The unhappy reality is that those convicted jihadis and violent militants have made their choices. And, like all of us — they are and can be made no exception — they live in a world of consequences. They must live with the consequences of their own bad choices — so long as they cannot prove that they have been completely deradicalised.

There is no point in begging or seeking to cajole convicted jihadis to take the path of deradicalisation. They must choose it for themselves, and do so the hard way. They can be told that if they want to hold to their militant views, they are free to do so. That is their choice. But it may well mean that they will never leave goal. They must be simply left to contemplate that prospect. They must realise and come to understand that, if they do not want to remain in goal indefinitely, they must think seriously about themselves, their past, their choices, and their guiding commitments.
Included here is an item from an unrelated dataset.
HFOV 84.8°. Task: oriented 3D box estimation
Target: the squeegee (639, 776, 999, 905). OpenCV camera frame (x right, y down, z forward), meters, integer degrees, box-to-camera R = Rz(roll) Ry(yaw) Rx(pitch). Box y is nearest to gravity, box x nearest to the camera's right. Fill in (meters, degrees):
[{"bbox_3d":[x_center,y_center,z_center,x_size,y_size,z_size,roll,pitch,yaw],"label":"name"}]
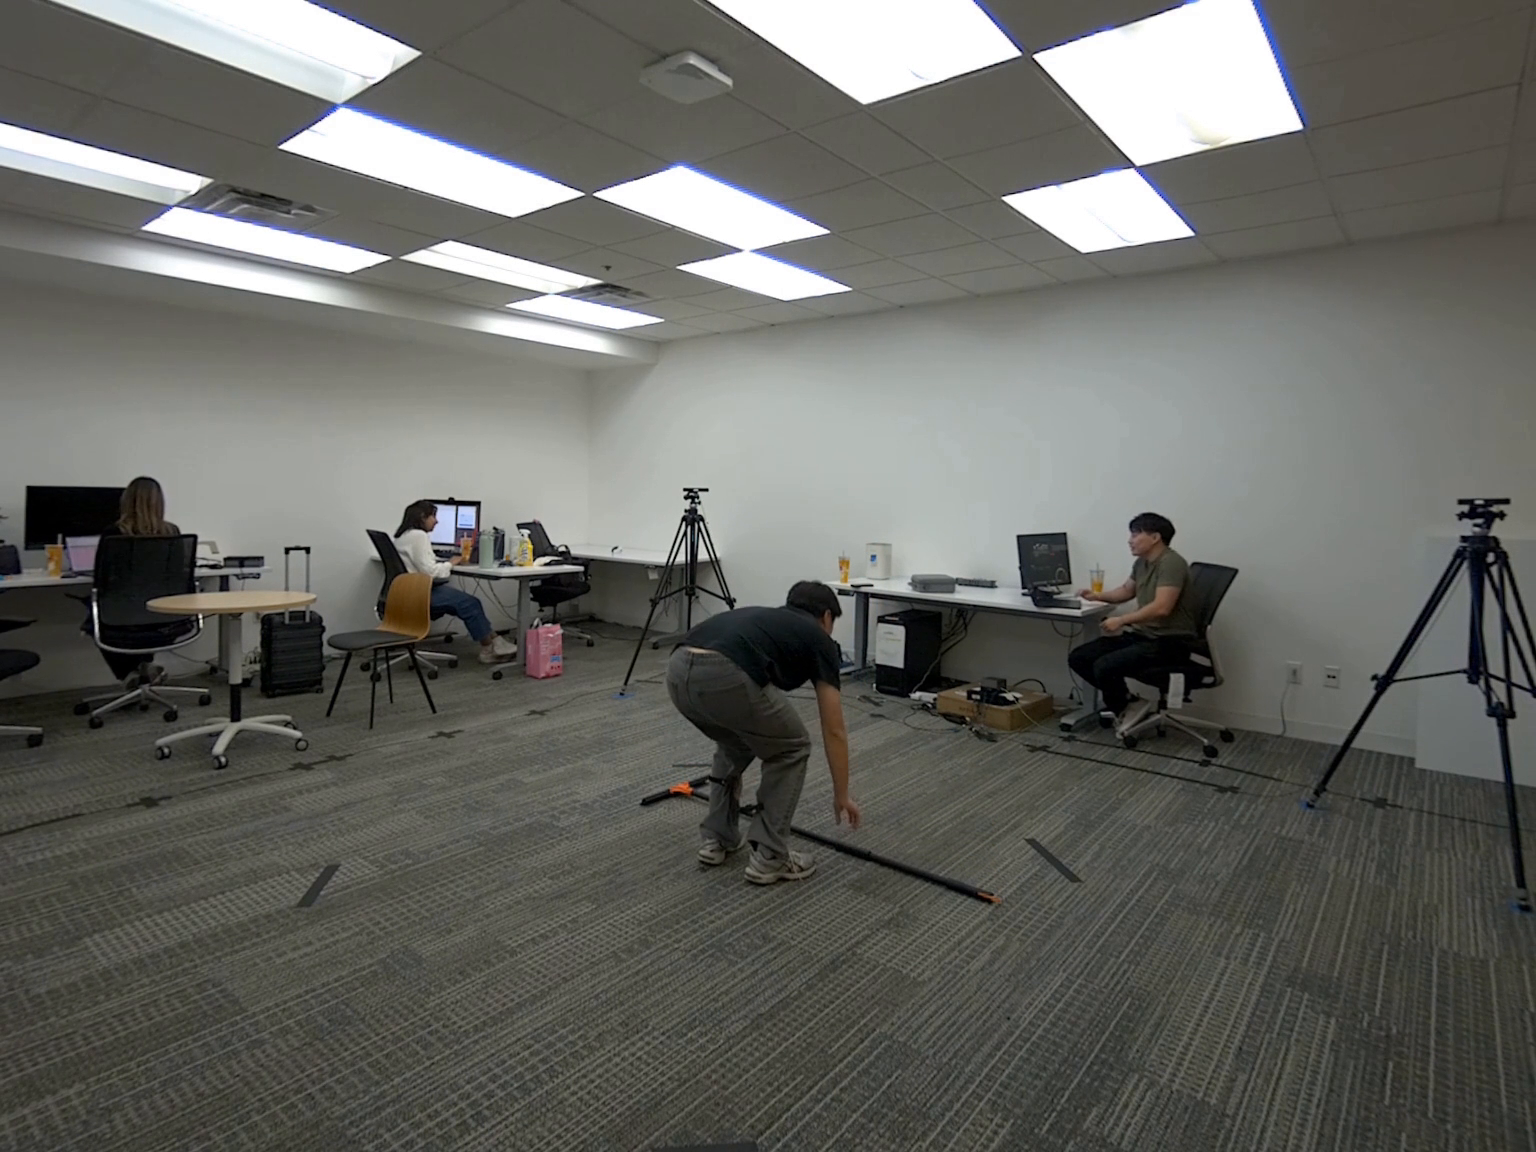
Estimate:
[{"bbox_3d":[0.164,1.015,3.389,1.591,0.052,0.425,7,10,39],"label":"squeegee"}]

And on that basis come, if they can, to a new understanding of themselves. They must completely reconfigure and reform their inner lives.

But, again, how can one ever tell and know when and if they have done so? Jihadis — not all Muslims but jihadis especially — are very adept at fudging. At dissimulation on such matters. More than that, when such finessing of the truth is done to serve Islam — to protect it from perceived harm or to promote its cause — this is for jihadis a pious and virtuous act. One known and doctrinally defended as taqiyya. So, can one ever be sure? Really sure? Rarely.

More, just as there is “buyer’s remorse”— when one comes to regret the money spent on some luxury or indulgence — there can also be “freed jihadi’s remorse”. This can take hold when, under changed circumstances and in a different and more relaxed and permissive social setting than goal, a less than fully or successfully reformed militant comes to regret the concessions or “character conversion” that they accepted, perhaps sincerely at the time — just like the psychologically captive consumer who at the time really and truly wants that desirable personal object — to secure their release.

In short, there should be no release of committed and convicted jihadis without convincing proof of personal reform. Without compelling evidence that they have turned their back upon their former evil way, totally and definitively.

Clive Kessler is Emeritus Professor of Sociology and Anthropology at the University of New South Wales, Sydney. He has been researching and writing about militant Islam, especially in Southeast Asia, since the 1960s.